## Data excerpts

^^^^^^^^

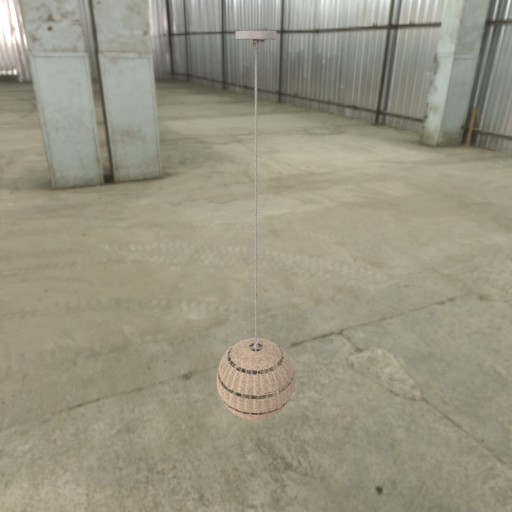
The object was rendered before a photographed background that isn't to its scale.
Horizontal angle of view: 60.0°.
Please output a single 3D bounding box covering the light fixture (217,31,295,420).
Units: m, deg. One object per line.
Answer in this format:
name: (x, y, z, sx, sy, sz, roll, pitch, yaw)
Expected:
light fixture: (0.000, 0.000, 2.233, 0.457, 2.019, 0.457, 1, 25, 2)
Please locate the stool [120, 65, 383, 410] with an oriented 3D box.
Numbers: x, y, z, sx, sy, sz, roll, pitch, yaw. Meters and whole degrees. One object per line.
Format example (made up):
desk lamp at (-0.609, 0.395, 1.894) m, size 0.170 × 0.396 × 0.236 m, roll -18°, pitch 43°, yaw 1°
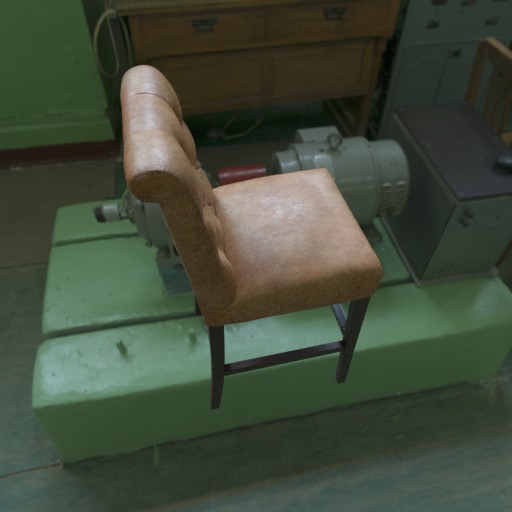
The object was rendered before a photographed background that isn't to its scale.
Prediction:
stool at (0.000, 0.000, 1.367) m, size 0.601 × 1.047 × 0.493 m, roll -10°, pitch 48°, yaw -9°
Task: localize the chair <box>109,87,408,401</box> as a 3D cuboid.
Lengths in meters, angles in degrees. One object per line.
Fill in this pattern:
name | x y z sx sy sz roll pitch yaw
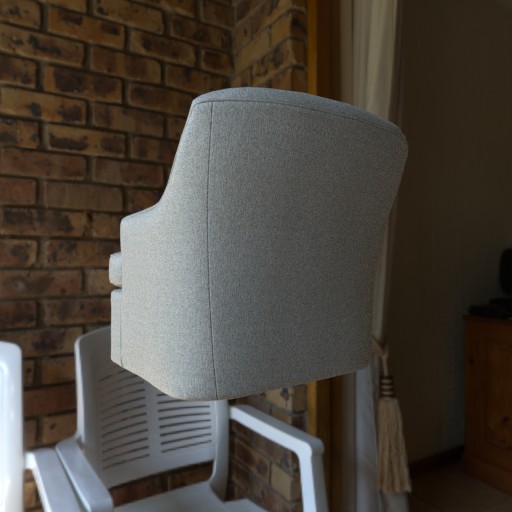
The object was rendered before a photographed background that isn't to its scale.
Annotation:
chair | 0.000 0.000 1.586 0.864 0.856 0.923 0 -1 -37
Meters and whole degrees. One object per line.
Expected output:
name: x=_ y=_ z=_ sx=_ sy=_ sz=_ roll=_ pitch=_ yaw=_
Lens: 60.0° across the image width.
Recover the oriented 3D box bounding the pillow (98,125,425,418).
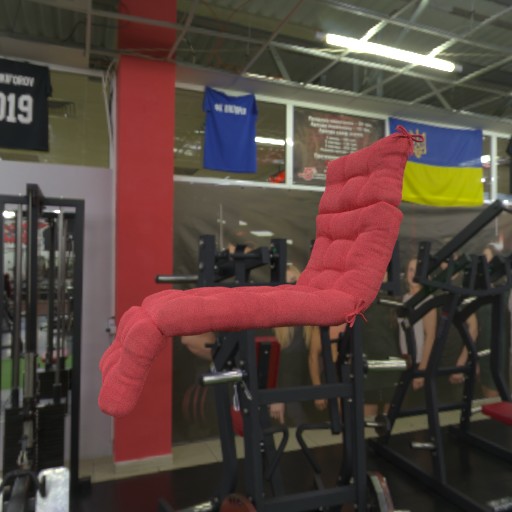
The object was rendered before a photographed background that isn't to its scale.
pillow: x=0.000 y=0.000 z=1.525 sx=1.016 sy=0.863 sz=0.526 roll=0 pitch=-1 yaw=-19
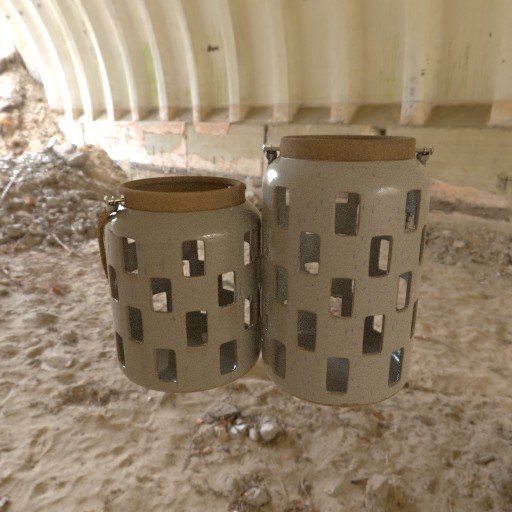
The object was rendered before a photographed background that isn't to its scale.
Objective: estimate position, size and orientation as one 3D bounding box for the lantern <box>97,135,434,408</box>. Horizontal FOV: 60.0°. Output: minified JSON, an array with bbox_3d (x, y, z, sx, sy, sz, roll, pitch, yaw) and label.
[{"bbox_3d":[0.000,0.000,0.489,0.347,0.255,0.184,2,17,8],"label":"lantern"}]
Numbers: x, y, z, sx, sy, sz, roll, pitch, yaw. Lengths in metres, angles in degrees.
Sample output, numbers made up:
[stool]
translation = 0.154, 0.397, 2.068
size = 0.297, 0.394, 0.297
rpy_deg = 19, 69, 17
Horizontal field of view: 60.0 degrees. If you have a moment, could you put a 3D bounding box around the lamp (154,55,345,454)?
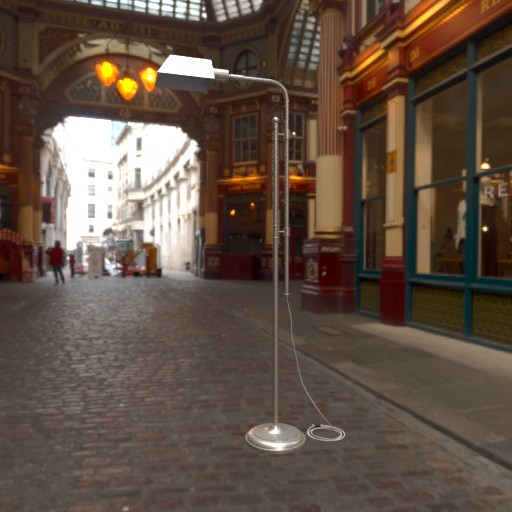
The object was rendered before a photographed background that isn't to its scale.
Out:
[lamp]
translation = 0.000, 0.000, 1.849
size = 0.813, 1.571, 0.256
rpy_deg = 0, 1, -17
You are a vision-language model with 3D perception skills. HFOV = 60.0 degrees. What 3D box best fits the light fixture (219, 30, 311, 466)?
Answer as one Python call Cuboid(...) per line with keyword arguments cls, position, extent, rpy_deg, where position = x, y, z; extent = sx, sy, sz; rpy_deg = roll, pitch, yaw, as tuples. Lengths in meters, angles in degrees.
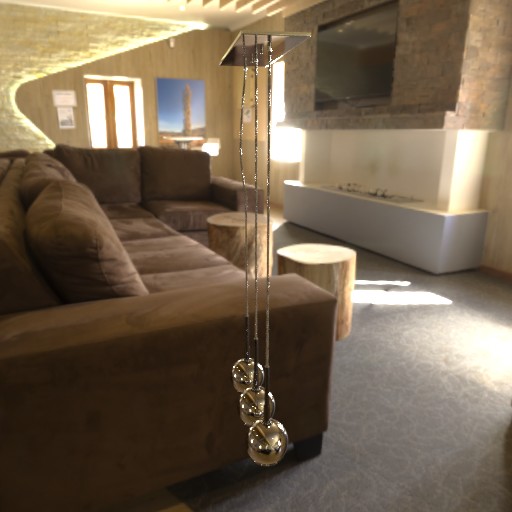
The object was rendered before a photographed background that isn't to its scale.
Cuboid(cls="light fixture", position=(0.000, 0.000, 1.658), extent=(0.188, 1.408, 0.623), rpy_deg=(-3, 16, -10))
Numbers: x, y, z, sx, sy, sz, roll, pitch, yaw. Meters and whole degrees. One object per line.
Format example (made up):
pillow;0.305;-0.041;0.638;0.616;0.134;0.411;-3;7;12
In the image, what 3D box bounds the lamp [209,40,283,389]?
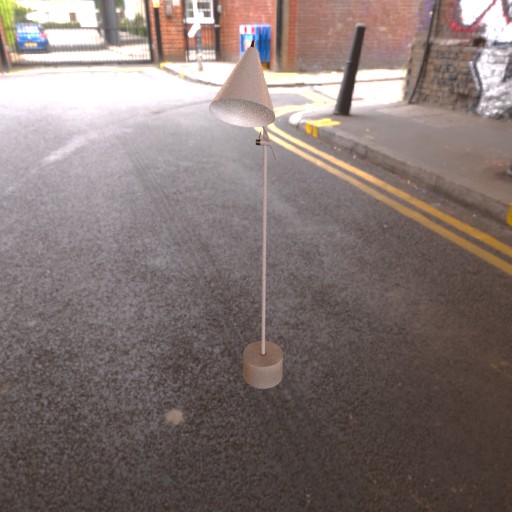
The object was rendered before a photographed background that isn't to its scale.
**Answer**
lamp;0.000;0.000;1.630;0.223;1.430;0.508;9;29;16
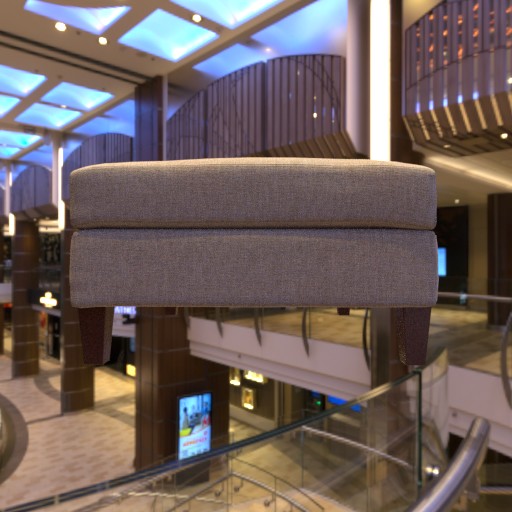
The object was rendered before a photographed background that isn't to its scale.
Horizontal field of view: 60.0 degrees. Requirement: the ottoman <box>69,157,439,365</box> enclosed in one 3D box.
[{"bbox_3d":[0.000,0.000,1.443,0.836,0.492,0.976,0,0,1],"label":"ottoman"}]
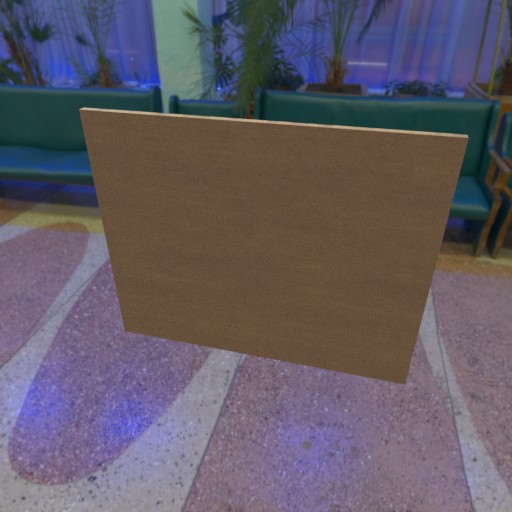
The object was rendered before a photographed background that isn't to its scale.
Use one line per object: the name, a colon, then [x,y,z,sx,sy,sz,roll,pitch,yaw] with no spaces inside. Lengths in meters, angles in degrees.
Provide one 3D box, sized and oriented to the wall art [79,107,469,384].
wall art: [0.000,0.000,0.676,0.508,0.408,0.012,8,33,12]
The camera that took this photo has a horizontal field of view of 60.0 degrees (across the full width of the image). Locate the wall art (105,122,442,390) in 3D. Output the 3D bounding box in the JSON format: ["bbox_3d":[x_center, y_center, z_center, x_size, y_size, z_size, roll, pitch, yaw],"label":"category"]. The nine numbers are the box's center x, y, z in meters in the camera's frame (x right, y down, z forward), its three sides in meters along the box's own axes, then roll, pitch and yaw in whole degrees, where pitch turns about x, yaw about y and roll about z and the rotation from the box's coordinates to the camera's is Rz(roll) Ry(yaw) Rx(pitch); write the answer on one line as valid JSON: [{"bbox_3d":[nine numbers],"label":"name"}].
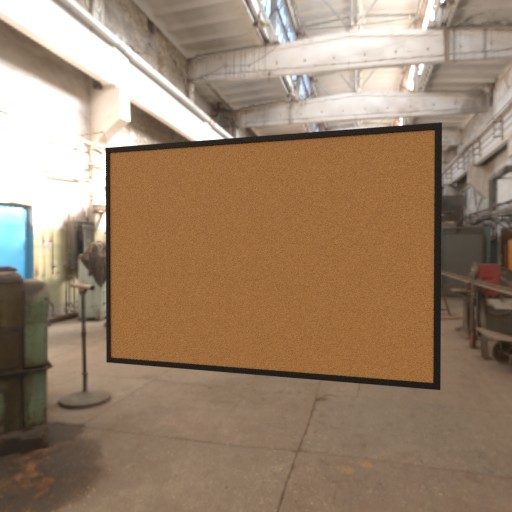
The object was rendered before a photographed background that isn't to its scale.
[{"bbox_3d":[0.000,0.000,0.858,0.664,0.458,0.013,0,1,16],"label":"wall art"}]
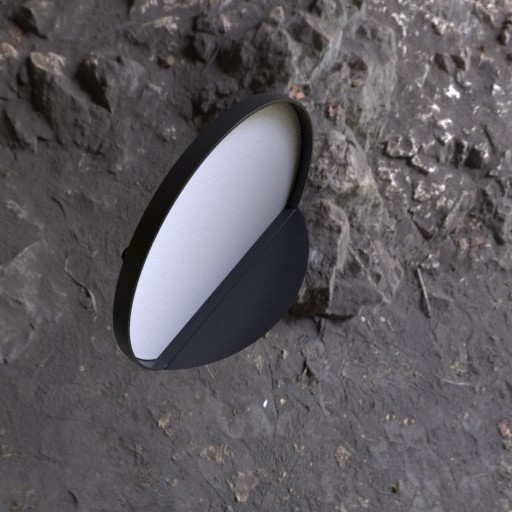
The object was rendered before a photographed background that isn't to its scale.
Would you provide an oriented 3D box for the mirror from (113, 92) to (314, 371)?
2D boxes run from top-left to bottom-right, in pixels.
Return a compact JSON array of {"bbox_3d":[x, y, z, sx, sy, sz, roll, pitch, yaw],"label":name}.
[{"bbox_3d":[0.000,0.000,0.680,0.133,0.457,0.457,31,63,18],"label":"mirror"}]
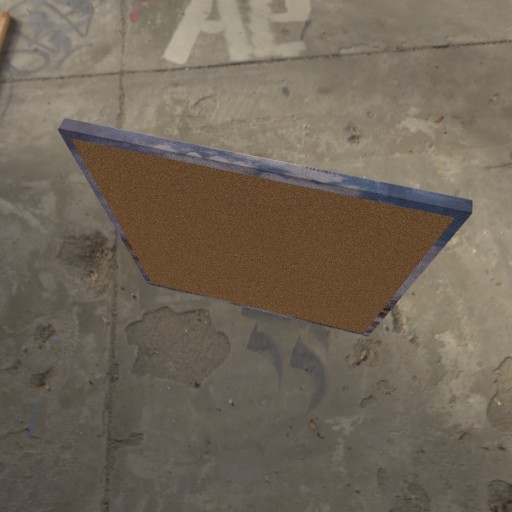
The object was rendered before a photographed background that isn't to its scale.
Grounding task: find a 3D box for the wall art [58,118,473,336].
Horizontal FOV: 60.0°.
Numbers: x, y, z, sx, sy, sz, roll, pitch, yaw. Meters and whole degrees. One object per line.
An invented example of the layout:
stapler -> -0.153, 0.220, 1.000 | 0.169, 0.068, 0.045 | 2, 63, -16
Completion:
wall art -> 0.000, 0.000, 1.330 | 0.888, 0.897, 0.035 | 13, 65, 6
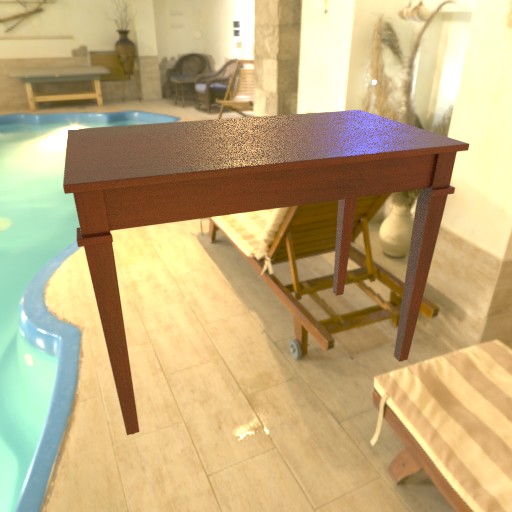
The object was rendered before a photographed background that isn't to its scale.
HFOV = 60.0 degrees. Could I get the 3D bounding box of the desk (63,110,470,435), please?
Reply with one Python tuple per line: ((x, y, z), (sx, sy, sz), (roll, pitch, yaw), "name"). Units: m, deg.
((0.000, 0.000, 1.423), (1.001, 0.762, 0.549), (-9, 29, -17), "desk")
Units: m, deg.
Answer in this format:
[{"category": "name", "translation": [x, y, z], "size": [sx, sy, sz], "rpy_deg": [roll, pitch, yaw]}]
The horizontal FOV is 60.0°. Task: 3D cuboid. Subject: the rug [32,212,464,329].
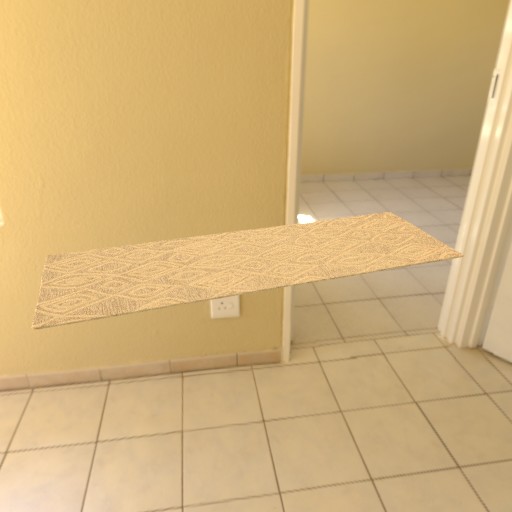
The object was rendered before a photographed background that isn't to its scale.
[{"category": "rug", "translation": [0.000, 0.000, 2.711], "size": [2.436, 0.013, 0.807], "rpy_deg": [-8, 27, -16]}]

^^^^^^^^

## Your instructions
Repeat the records above exactly, omitting every picture.

## Exercise solution
The object was rendered before a photographed background that isn't to its scale.
Horizontal angle of view: 60.0°.
Please output a single 3D bounding box covering the light fixture (217,31,295,420).
Units: m, deg. One object per line.
Answer in this format:
name: (x, y, z, sx, sy, sz, roll, pitch, yaw)
Expected:
light fixture: (0.000, 0.000, 2.233, 0.457, 2.019, 0.457, 1, 25, 2)
Please locate the stool [120, 65, 383, 410] with an oriented 3D box.
Numbers: x, y, z, sx, sy, sz, roll, pitch, yaw. Meters and whole degrees. One object per line.
Format example (made up):
desk lamp at (-0.609, 0.395, 1.894) m, size 0.170 × 0.396 × 0.236 m, roll -18°, pitch 43°, yaw 1°
The object was rendered before a photographed background that isn't to its scale.
Prediction:
stool at (0.000, 0.000, 1.367) m, size 0.601 × 1.047 × 0.493 m, roll -10°, pitch 48°, yaw -9°
Task: localize the chair <box>109,87,408,401</box> as a 3D cuboid.
Lengths in meters, angles in degrees. One object per line.
Fill in this pattern:
name | x y z sx sy sz roll pitch yaw
The object was rendered before a photographed background that isn't to its scale.
Annotation:
chair | 0.000 0.000 1.586 0.864 0.856 0.923 0 -1 -37
Meters and whole degrees. One object per line.
Expected output:
name: x=_ y=_ z=_ sx=_ sy=_ sz=_ roll=_ pitch=_ yaw=_
Lens: 60.0° across the image width.
Recover the oriented 3D box bounding the pillow (98,125,425,418).
The object was rendered before a photographed background that isn't to its scale.
pillow: x=0.000 y=0.000 z=1.525 sx=1.016 sy=0.863 sz=0.526 roll=0 pitch=-1 yaw=-19
The object was rendered before a photographed background that isn't to its scale.
Objective: estimate position, size and orientation as one 3D bounding box for the lantern <box>97,135,434,408</box>. Horizontal FOV: 60.0°. Output: minified JSON, an array with bbox_3d (x, y, z, sx, sy, sz, roll, pitch, yaw) and label.
[{"bbox_3d":[0.000,0.000,0.489,0.347,0.255,0.184,2,17,8],"label":"lantern"}]
Numbers: x, y, z, sx, sy, sz, roll, pitch, yaw. Lengths in metres, angles in degrees.
Sample output, numbers made up:
[stool]
translation = 0.154, 0.397, 2.068
size = 0.297, 0.394, 0.297
rpy_deg = 19, 69, 17
Horizontal field of view: 60.0 degrees. If you have a moment, could you put a 3D bounding box around the lamp (154,55,345,454)?
The object was rendered before a photographed background that isn't to its scale.
Out:
[lamp]
translation = 0.000, 0.000, 1.849
size = 0.813, 1.571, 0.256
rpy_deg = 0, 1, -17
You are a vision-language model with 3D perception skills. HFOV = 60.0 degrees. What 3D box best fits the light fixture (219, 30, 311, 466)?
Answer as one Python call Cuboid(...) per line with keyword arguments cls, position, extent, rpy_deg, where position = x, y, z; extent = sx, sy, sz; rpy_deg = roll, pitch, yaw, as tuples. Lengths in meters, angles in degrees.
The object was rendered before a photographed background that isn't to its scale.
Cuboid(cls="light fixture", position=(0.000, 0.000, 1.658), extent=(0.188, 1.408, 0.623), rpy_deg=(-3, 16, -10))
Numbers: x, y, z, sx, sy, sz, roll, pitch, yaw. Meters and whole degrees. One object per line.
Format example (made up):
pillow;0.305;-0.041;0.638;0.616;0.134;0.411;-3;7;12
In the image, what 3D box bounds the lamp [209,40,283,389]?
The object was rendered before a photographed background that isn't to its scale.
**Answer**
lamp;0.000;0.000;1.630;0.223;1.430;0.508;9;29;16
The object was rendered before a photographed background that isn't to its scale.
Horizontal field of view: 60.0 degrees. Requirement: the ottoman <box>69,157,439,365</box> enclosed in one 3D box.
[{"bbox_3d":[0.000,0.000,1.443,0.836,0.492,0.976,0,0,1],"label":"ottoman"}]
The object was rendered before a photographed background that isn't to its scale.
Use one line per object: the name, a colon, then [x,y,z,sx,sy,sz,roll,pitch,yaw] with no spaces inside. Lengths in meters, angles in degrees.
Provide one 3D box, sized and oriented to the wall art [79,107,469,384].
wall art: [0.000,0.000,0.676,0.508,0.408,0.012,8,33,12]
The camera that took this photo has a horizontal field of view of 60.0 degrees (across the full width of the image). Locate the wall art (105,122,442,390) in 3D. Output the 3D bounding box in the JSON format: ["bbox_3d":[x_center, y_center, z_center, x_size, y_size, z_size, roll, pitch, yaw],"label":"category"]. The nine numbers are the box's center x, y, z in meters in the camera's frame (x right, y down, z forward), its three sides in meters along the box's own axes, then roll, pitch and yaw in whole degrees, where pitch turns about x, yaw about y and roll about z and the rotation from the box's coordinates to the camera's is Rz(roll) Ry(yaw) Rx(pitch); write the answer on one line as valid JSON: [{"bbox_3d":[nine numbers],"label":"name"}].
The object was rendered before a photographed background that isn't to its scale.
[{"bbox_3d":[0.000,0.000,0.858,0.664,0.458,0.013,0,1,16],"label":"wall art"}]
The object was rendered before a photographed background that isn't to its scale.
Would you provide an oriented 3D box for the mirror from (113, 92) to (314, 371)?
2D boxes run from top-left to bottom-right, in pixels.
Return a compact JSON array of {"bbox_3d":[x, y, z, sx, sy, sz, roll, pitch, yaw],"label":name}.
[{"bbox_3d":[0.000,0.000,0.680,0.133,0.457,0.457,31,63,18],"label":"mirror"}]
The object was rendered before a photographed background that isn't to its scale.
Grounding task: find a 3D box for the wall art [58,118,473,336].
Horizontal FOV: 60.0°.
Numbers: x, y, z, sx, sy, sz, roll, pitch, yaw. Meters and whole degrees. One object per line.
An invented example of the layout:
stapler -> -0.153, 0.220, 1.000 | 0.169, 0.068, 0.045 | 2, 63, -16
Completion:
wall art -> 0.000, 0.000, 1.330 | 0.888, 0.897, 0.035 | 13, 65, 6
The object was rendered before a photographed background that isn't to its scale.
HFOV = 60.0 degrees. Could I get the 3D bounding box of the desk (63,110,470,435), please?
Reply with one Python tuple per line: ((x, y, z), (sx, sy, sz), (roll, pitch, yaw), "name"). Units: m, deg.
((0.000, 0.000, 1.423), (1.001, 0.762, 0.549), (-9, 29, -17), "desk")
Units: m, deg.
Answer in this format:
[{"category": "name", "translation": [x, y, z], "size": [sx, sy, sz], "rpy_deg": [roll, pitch, yaw]}]
The horizontal FOV is 60.0°. Task: 3D cuboid. Subject: the rug [32,212,464,329].
The object was rendered before a photographed background that isn't to its scale.
[{"category": "rug", "translation": [0.000, 0.000, 2.711], "size": [2.436, 0.013, 0.807], "rpy_deg": [-8, 27, -16]}]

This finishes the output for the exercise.